FIG. 2 is a schematic representation of agarose gel electrophoresis identification of PCR amplification products; m is a molecular marker (DNA marker), N is a blank control, X1, X2 and X3 are the genomic DNA of three blank mice, and R is the genomic DNA of human NK cells.
FIG. 3 is a graph showing the amplification of the kit of the present invention.

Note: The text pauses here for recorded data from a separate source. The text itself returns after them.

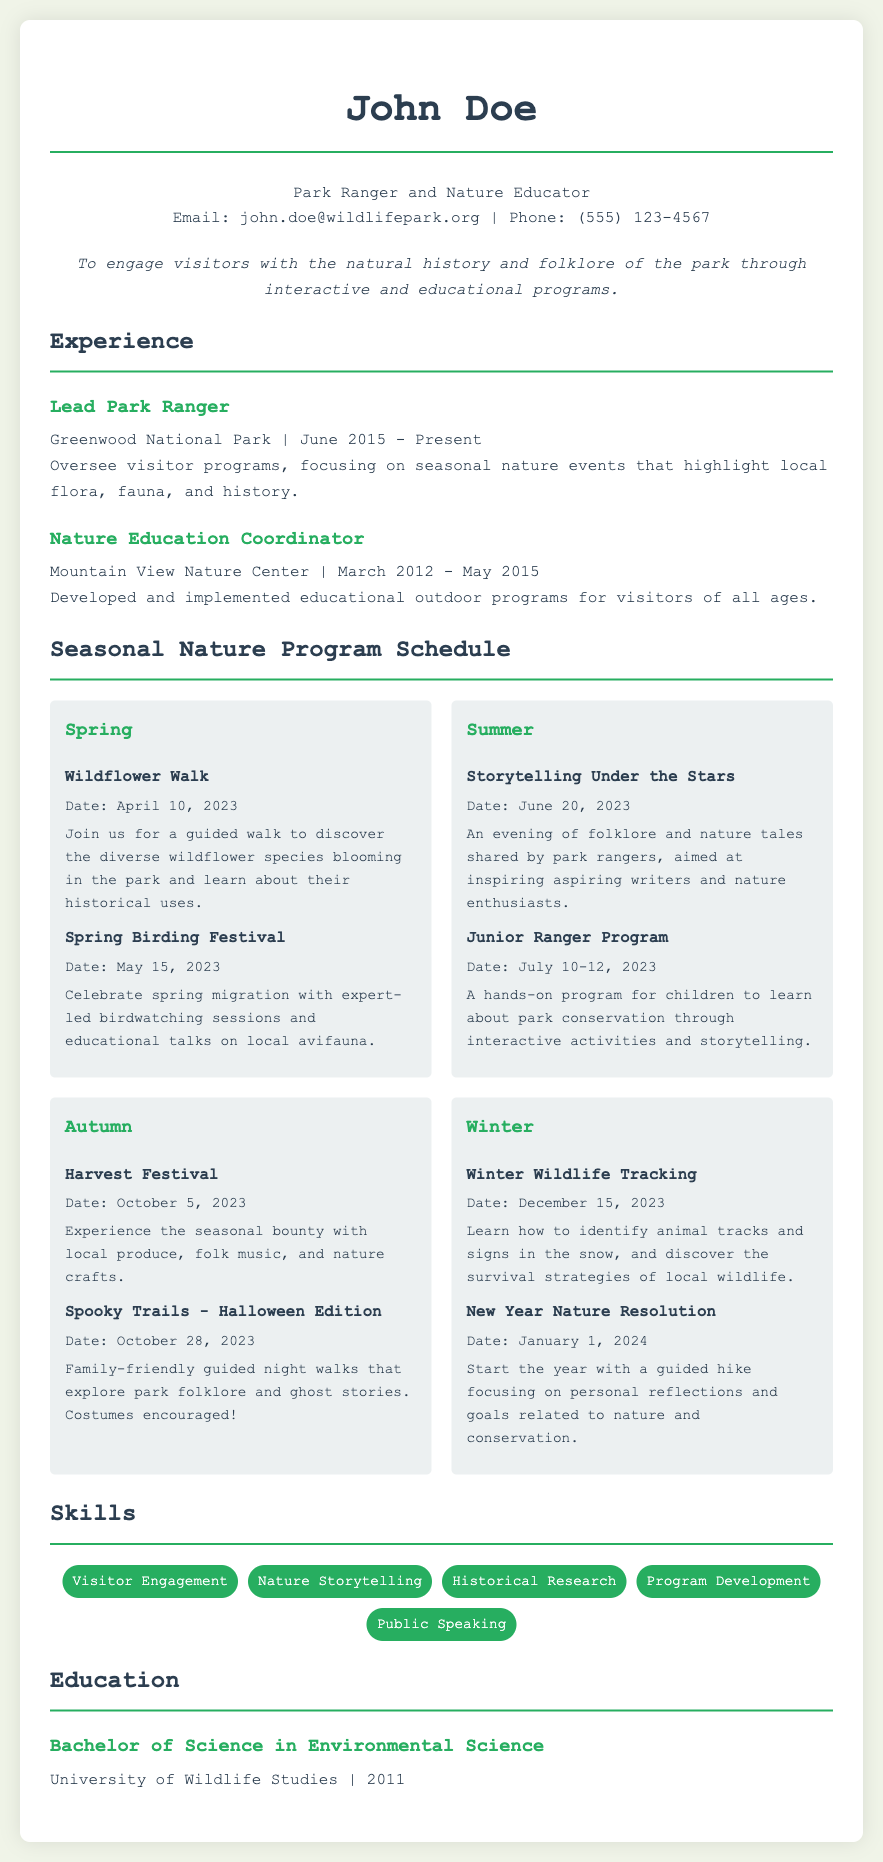what is the name of the park ranger? The document lists the name of the park ranger as John Doe.
Answer: John Doe what is the email address provided? The provided contact email for John Doe is john.doe@wildlifepark.org.
Answer: john.doe@wildlifepark.org when is the Winter Wildlife Tracking event? The date for the Winter Wildlife Tracking event is December 15, 2023.
Answer: December 15, 2023 what program is scheduled for July 10-12, 2023? The program scheduled for those dates is the Junior Ranger Program.
Answer: Junior Ranger Program which event focuses on local folklore? The event titled "Spooky Trails - Halloween Edition" focuses on local folklore.
Answer: Spooky Trails - Halloween Edition how many years of experience does John Doe have as a Lead Park Ranger? John Doe has been a Lead Park Ranger since June 2015, which amounts to approximately 8 years by 2023.
Answer: 8 years what type of program is the Storytelling Under the Stars? The program is characterized as an evening of folklore and nature tales.
Answer: evening of folklore and nature tales where did John Doe obtain his degree? John Doe earned his degree from the University of Wildlife Studies.
Answer: University of Wildlife Studies what is one of the skills mentioned in the document? One of the skills listed in the document is Visitor Engagement.
Answer: Visitor Engagement

FIG. 4 is a standard graph of the kit of the present invention.
Detailed Description
Unless otherwise indicated, the experimental methods disclosed herein employ conventional techniques in molecular biology, biochemistry, analytical chemistry and related fields of technology.
Unless defined otherwise, all technical and scientific terms used herein have the same meaning as commonly understood by one of ordinary skill in the art to which this invention belongs. In addition, any methods and materials similar or equivalent to those described herein can be used in the practice of the present invention. The preferred embodiments and materials described herein are intended to be exemplary only.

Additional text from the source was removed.